Round 4 — chain arches
- ch 1, sc in outer sc of petal, ch 5 — repeat around to make 12 ch-5 arches. Join.
Round 5 — alternating fans/connectors
- Into every other ch-5 arch work (sc, ch1, hdc, 5 dc, hdc, ch1, sc) (large fan).
- Into the remaining arches work (sc, ch 3, sc) (small connector).
- Repeat alternating around. Join.
Round 6 — tall loops row
- ch 1, sc in first sc, ch 7, sc in next sc — repeat across (12 ch-7 loops). Join.
Round 7 — top fans
- In each ch-7 loop work: (sc, ch2, 3 dc, ch2, sc) — narrow top fan. Join.
Round 8 — create 6 corner points (hex shape)
You have 12 top-fan spaces. Make corners in every 2nd top-fan to get 6 corners.
- Into top fan #1 — work (3 dc); into top fan #2 — work (3 dc, ch 3, 3 dc) (corner); repeat this [3dc][corner] pattern around.
- Join with sl st.
Round 9 — tidy sc round (joinable)
- ch 1, sc evenly around motif; work 3 sc into each corner ch-3. Join and fasten off.
- Block motif to square/hexagon measuring your target W.
Notes: if Round 8 feels confusing, think simply: place a corner every other top fan so you end with six corners evenly spaced.

3) How many motifs do you need (S / M / L example)
Using blocked motif width W = 10 cm as example.
Decide finished bust (with ease) and crop height in motifs (rows). Example finished bust targets:
- S ≈ 86 cm (34″)
- M ≈ 96 cm (38″)
- L ≈ 106 cm (42″)
Calculate motifs across (full width) = finished bust ÷ W. We usually split front/back.
Example layouts (common crop length ~ 18–22 cm → 2 rows if W=10 cm; 3 rows gives a longer crop):
Small (S) — modest crop
- motifs across full chest ≈ 86 / 10 ≈ 8.6 → use 9 motifs across total (4 front + 5 back or 4+4 with center seam; easier: front = 4, back = 5).
- rows (height) = 2 rows → front panel = 4 × 2 = 8 motifs, back panel = 5 × 2 = 10 motifs.
- total motifs ≈ 18, plus 2–4 extras for straps/adjustments → ~20 motifs.
Medium (M)
- across ≈ 96 / 10 ≈ 9.6 → use 10 motifs across (front 5, back 5).
- rows = 2 → front = 5 × 2 = 10, back = 5 × 2 = 10 → total 20 + extras → ~22–24 motifs.
Large (L)
- across ≈ 106 / 10 ≈ 10.6 → use 11 motifs across (front 5 + back 6).
- rows = 2–3 depending on desired crop length (2 rows = short crop; 3 rows = longer).
- If 2 rows: front 5×2=10 + back 6×2=12 → 22 motifs (+ extras).

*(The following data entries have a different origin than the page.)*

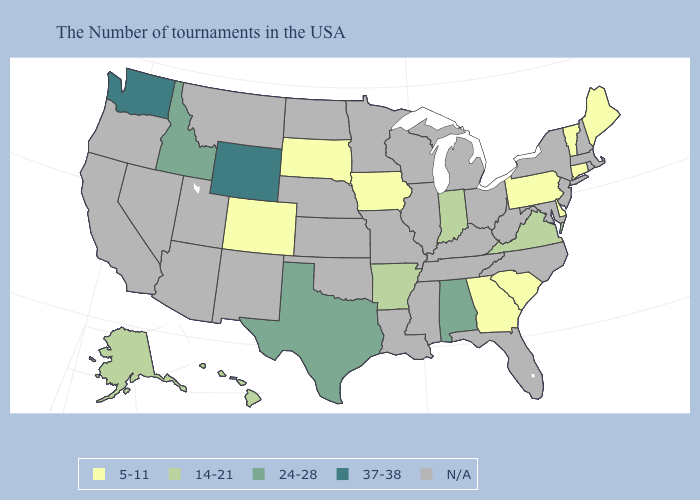Name the states that have a value in the range 14-21?
Write a very short answer. Virginia, Indiana, Arkansas, Alaska, Hawaii. Among the states that border Missouri , does Iowa have the lowest value?
Write a very short answer. Yes. Name the states that have a value in the range 5-11?
Concise answer only. Maine, Vermont, Connecticut, Delaware, Pennsylvania, South Carolina, Georgia, Iowa, South Dakota, Colorado. What is the value of South Carolina?
Keep it brief. 5-11. What is the lowest value in the South?
Write a very short answer. 5-11. Which states have the lowest value in the USA?
Short answer required. Maine, Vermont, Connecticut, Delaware, Pennsylvania, South Carolina, Georgia, Iowa, South Dakota, Colorado. Name the states that have a value in the range 24-28?
Short answer required. Alabama, Texas, Idaho. Does the first symbol in the legend represent the smallest category?
Keep it brief. Yes. What is the value of Alabama?
Write a very short answer. 24-28. Does Wyoming have the highest value in the West?
Short answer required. Yes. What is the value of Maine?
Concise answer only. 5-11.

If you want more length use 3 rows: 5×3 + 6×3 = 33 motifs.
⚠️ If your blocked motif W ≠ 10 cm, use this formula:
- motifs_across_total = round(finished_bust_cm / W)
- front_motifs = round(motifs_across_total / 2)
- rows = round(desired_height_cm / W)
- total motifs = motifs_across_total × rows (then split into front/back)
4) Join motifs — options
Recommended: Join-As-You-Go (JAYG)
Join on the final sc round (Round 9):
JAYG quick script (where joining happens):
- On the new motif’s Round 9 when you come to a side that will touch a finished neighbor:
- Instead of plain
scin that stitch, do:sc in your motif st, ch 1, sl st into the corresponding sc (or corner sc) of the finished motif, ch 1. - Continue your sc round. For corners that meet two neighbors, sl st into both neighbors’ corner ch-3 spaces symmetrically.
- Instead of plain
- Work the first row left to right; for the second row, join each new motif to the motif above and the one to the left as you go.
Tips:
- Pin neighbors before joining to make alignment precise.
- If seams feel tight, make the sl st joins looser or use ch-2 instead of ch-1 for more slack.
Alternative: Sew after blocking
- Block all motifs. Lay them on the blocking mat in the layout. Use a tapestry needle and matching yarn to mattress stitch through back loops only for a flatter seam. Whipstitch is acceptable but bulkier.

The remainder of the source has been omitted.